By Amy Zimmer | July 5, 2012 10:15am

YORKVILLE — Wearing an orange McDonald's cap and a striped shirt that made him look like the Hamburglar, Nate Hill rode his bicycle down East 86th Street Tuesday afternoon tossing yellow-paper wrapped cheeseburgers to surprised bystanders.

"Free Cheeseburgers!" Hill, a performance artist from Harlem, shouted as he rode down the street, chucking the puck-sized packages at confused passersby.

"I try to get people's attention, shouting 'Hey blue shirt, white shirt,'" Hill, 34, said. "Usually someone will catch it. They don't want a burger on the floor. …I don't know if people throw them away or ever open them."

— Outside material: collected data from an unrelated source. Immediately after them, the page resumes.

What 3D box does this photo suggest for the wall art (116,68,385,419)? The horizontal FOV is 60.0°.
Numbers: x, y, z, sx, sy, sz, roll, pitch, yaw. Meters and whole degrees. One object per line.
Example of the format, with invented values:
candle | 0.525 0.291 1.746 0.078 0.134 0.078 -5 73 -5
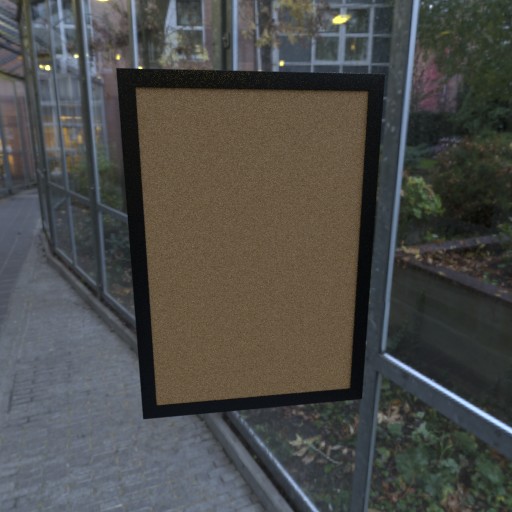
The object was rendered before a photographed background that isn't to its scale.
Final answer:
wall art | 0.000 0.000 0.847 0.462 0.656 0.019 -2 15 -9

The bizarre performance art"Second Deceit aka Free Cheeseburgers," as the piece is formally called — kicked off at the McDonald's on Third Avenue near East 85th Street Tuesday morning, when Hill stocked up on 20 cheeseburgers for $32.44, bit a chunk out of each one, and re-wrapped them with Scotch tape.  

Hill doesn't even swallow the bites of cheeseburger that he takes, instead spitting the burger bits into a bag.

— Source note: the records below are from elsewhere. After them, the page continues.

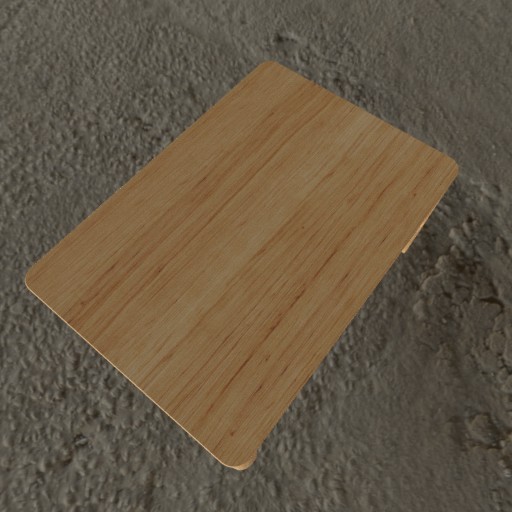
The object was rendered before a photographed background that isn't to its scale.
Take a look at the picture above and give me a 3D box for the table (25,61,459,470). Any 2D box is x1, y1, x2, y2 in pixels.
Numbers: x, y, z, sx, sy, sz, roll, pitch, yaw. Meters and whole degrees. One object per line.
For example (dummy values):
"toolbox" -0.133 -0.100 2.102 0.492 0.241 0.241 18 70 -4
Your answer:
"table" 0.000 0.000 1.359 0.696 0.445 0.997 35 69 16
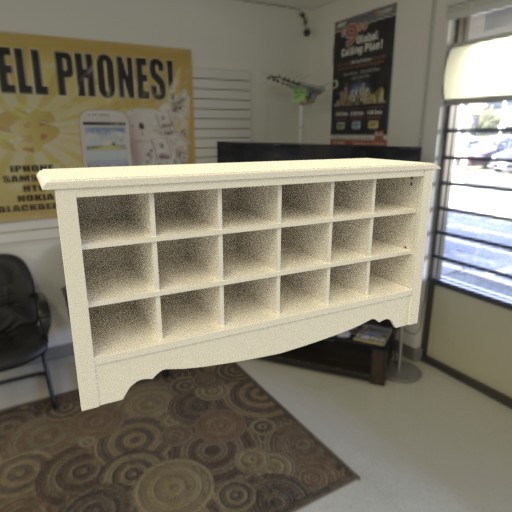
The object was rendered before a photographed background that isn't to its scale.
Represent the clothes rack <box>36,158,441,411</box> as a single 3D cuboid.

"It upsets my stomach," he said of the burgers.

Then he loaded them up on his bike and tossed them out like a newspaper delivery boy.

James Anthony, 18, looked startled as he caught a burger on the corner of Lexington Avenue and East 86th Street.

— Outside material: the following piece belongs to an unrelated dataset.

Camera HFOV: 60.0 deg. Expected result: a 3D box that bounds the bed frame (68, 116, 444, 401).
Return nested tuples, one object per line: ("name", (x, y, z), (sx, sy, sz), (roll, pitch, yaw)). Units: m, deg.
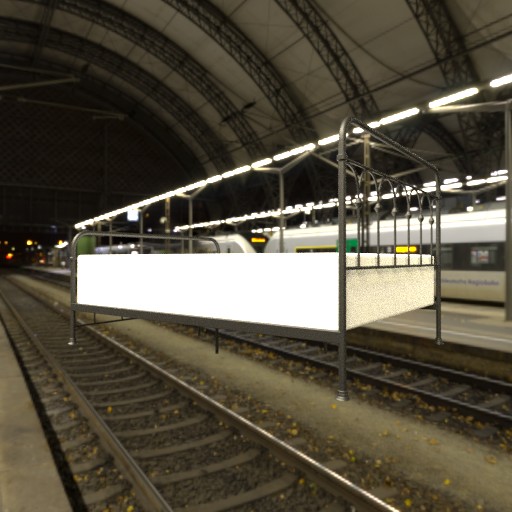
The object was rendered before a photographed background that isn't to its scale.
("bed frame", (0.000, 0.000, 3.234), (2.203, 1.276, 1.664), (0, 0, 37))

"What was that? Throw it away!" Anthony's colleague, Justine Medina, 22, told him as he dropped the cheeseburger on a storefront windowsill.

"Nah. I'm not eating that," Anthony said. "It wasn't even hot. I don't like cheese."

"That guy was bold to throw that at me," he added.

Hill took less than 10 minutes to toss out all the burgers on a stint from 86th Street and Lexington down to 70th Street and Third Avenue, then doubled back to 86th Street.

It was Hill's fourth cheeseburger-toss this summer.

His past projects had more empathetic strains, like "Death Bear," from 2009, where he came to people's homes dressed in a bear costume and offered to cart away and stow things for them that triggered painful memories, like love letters from an ex.

This time, Hill said he wanted to "do the complete opposite and just be a villain."  He wanted his actions to be one of those "little things that messes up your whole day," he said.

He's planning to perform the piece twice a week on the Upper East Side, until he's recognized.

"Maybe I'll do it until the first person says, 'Hey, buddy. F--- you!," Hill said.

Hill said he didn't want to do the project in Harlem, where he lives, because he felt throwing burgers in a lower-income neighborhood would have different connotations than doing it on the Upper East Side, which is home to among New York City's wealthiest zip codes.  (He also tries to avoid throwing burgers to homeless people, he added.)

He also didn't want to do the project in Brooklyn, where he said he had his biggest audience from previous pieces.

"I need a new challenge," Hill said. "I need to branch out to a new audience."

He initially expected that curious passersby would be happy at the offer of free cheeseburgers, but has found that many pedestrians are skeptics. Drivers, on the other hand, whizzing by his bike, often shout for a burger.

Hill, however, is too afraid to give them anything.

"I don't want to do that because they can chase me down with their car," he said.

Nate Hill's next cheeseburger performance is expected to take place on July 5 at 8 p.m., in the area of East 72nd Street and Third Avenue.